The paper’s corresponding author, Wang Donglin, is currently the Deputy Director of the Department of Artificial Intelligence at Westlake University. He is the founder and head of the Machine Intelligence Laboratory (MiLAB) and the founder of Westlake Robotics Technology (Hangzhou) Co., Ltd. Wang received his bachelor’s and master’s degrees in Electronic Information Engineering from Xi’an Jiaotong University before earning his PhD in Electronic and Computer Engineering from the University of Calgary in Canada, where he also conducted postdoctoral research. He later taught at New York Institute of Technology, rising to the rank of Associate Professor, before returning to China in 2017 to join Westlake University as one of its first full-time faculty members and establishing MiLAB. Wang also serves as the Chief Scientist for the National Major Project for Scientific and Technological Innovation 2030 and has been selected for the National High-Level Talent Program, playing a significant role in national-level research projects. His research primarily focuses on robotic learning and intelligent decision-making, emphasizing reinforcement learning, meta-learning, and robotic behavioral intelligence, with the goal of enabling robots to autonomously learn, adapt to new environments quickly, and accomplish complex tasks. His work emphasizes the complete feedback loop from perception to decision-making to action, particularly in stable execution capabilities during long-sequence tasks and real-world environments. He has published over one hundred papers and is active in cutting-edge fields like robotic learning and reinforcement learning, contributing to international academic community building. His team is one of the earliest in China to focus on robotic learning, proposing the first VLA large model for quadrupedal robots, the VLA large model for humanoid robots, and reward-agnostic human feedback reinforcement learning. His recent collaboration on an AAAI 2026 paper won the Best Paper Award, while the general behavior expert large model GAE he developed also reached an international leading level in humanoid robot movement.

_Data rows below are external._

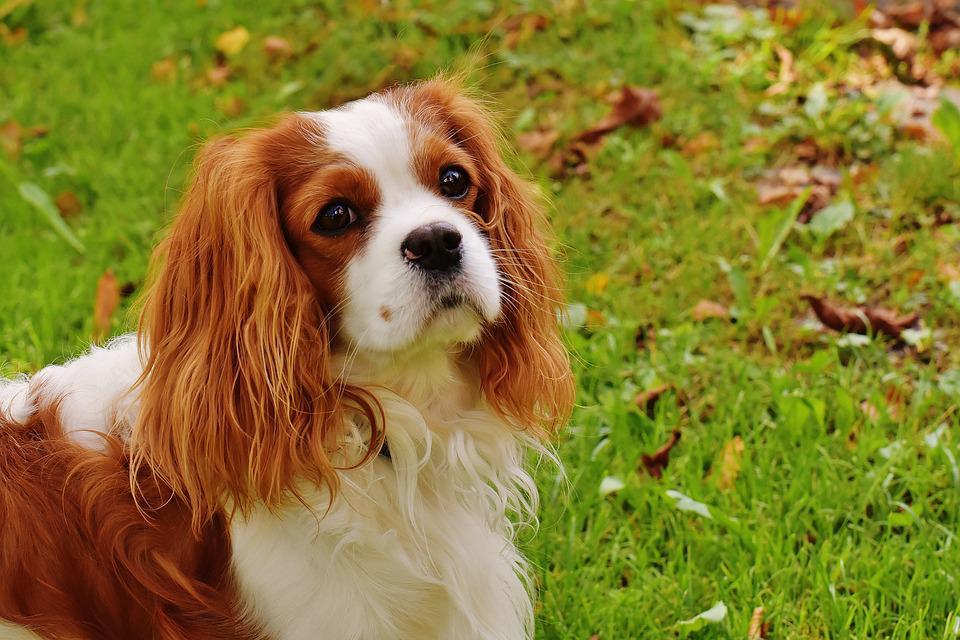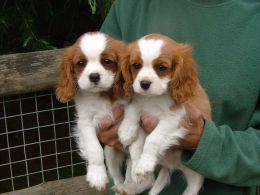The first image is the image on the left, the second image is the image on the right. Analyze the images presented: Is the assertion "Right image shows a brown and white spaniel on the grass." valid? Answer yes or no. No. 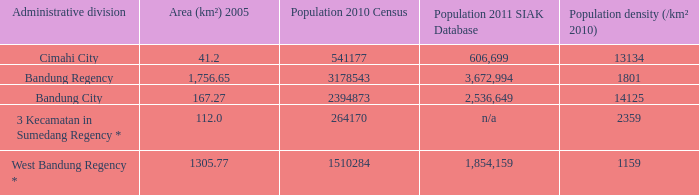What is the area of cimahi city? 41.2. 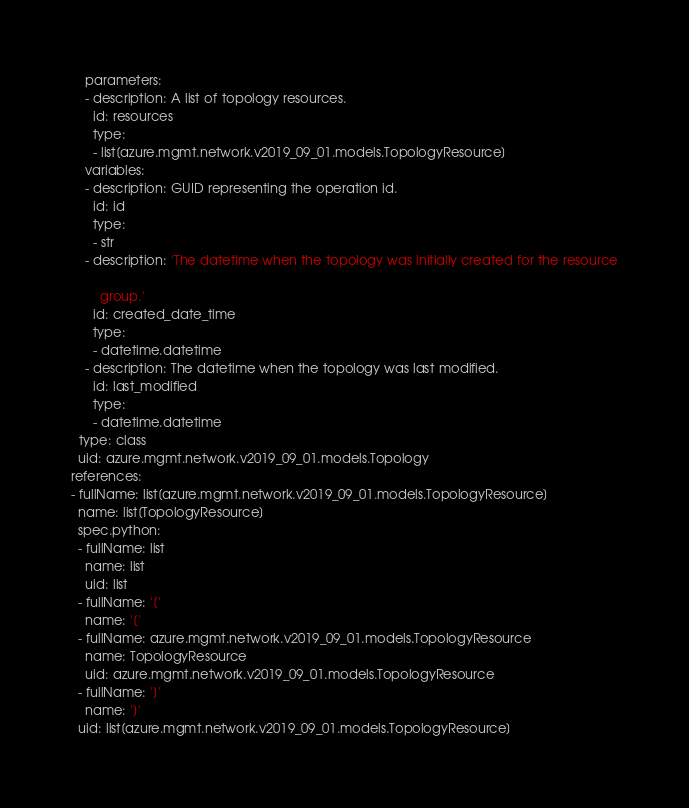Convert code to text. <code><loc_0><loc_0><loc_500><loc_500><_YAML_>    parameters:
    - description: A list of topology resources.
      id: resources
      type:
      - list[azure.mgmt.network.v2019_09_01.models.TopologyResource]
    variables:
    - description: GUID representing the operation id.
      id: id
      type:
      - str
    - description: 'The datetime when the topology was initially created for the resource

        group.'
      id: created_date_time
      type:
      - datetime.datetime
    - description: The datetime when the topology was last modified.
      id: last_modified
      type:
      - datetime.datetime
  type: class
  uid: azure.mgmt.network.v2019_09_01.models.Topology
references:
- fullName: list[azure.mgmt.network.v2019_09_01.models.TopologyResource]
  name: list[TopologyResource]
  spec.python:
  - fullName: list
    name: list
    uid: list
  - fullName: '['
    name: '['
  - fullName: azure.mgmt.network.v2019_09_01.models.TopologyResource
    name: TopologyResource
    uid: azure.mgmt.network.v2019_09_01.models.TopologyResource
  - fullName: ']'
    name: ']'
  uid: list[azure.mgmt.network.v2019_09_01.models.TopologyResource]
</code>

The other corresponding author, Huang Siteng, is currently an algorithm expert at Alibaba’s DAMO Academy. He earned his PhD from the joint training program between Zhejiang University and Westlake University, where he completed his doctoral research at MiLAB under the supervision of Professor Wang Donglin. Prior to this, he obtained his bachelor’s degree in Computer Science from Wuhan University. During his PhD, he engaged in long-term research internships at Alibaba’s Tongyi Laboratory and DAMO Academy, subsequently joining DAMO Academy for algorithm research. His experience spans both academic research and industry practice. Huang’s research focuses primarily on embodied intelligence, multimodal large models, and efficient artificial intelligence, concentrating on how to enable models to understand images, videos, languages, and dynamic information in the physical world simultaneously, as well as perform perception, reasoning, and generation in real environments. His work also emphasizes efficiency optimization in data, computation, and storage, aiming to build unified intelligent systems capable of efficient operation in the real world. He has published over thirty papers in related fields, covering computer vision, multimodal learning, and robotics, and is active in top international conferences and journals. Additionally, he has participated in several research projects in embodied intelligence and multimodal model directions, including vision-language action models and unified world models, with representative works involving HiF-VLA, RynnVLA series, and WorldVLA frameworks, pushing the capabilities of robots in long-sequence tasks and real-world environments.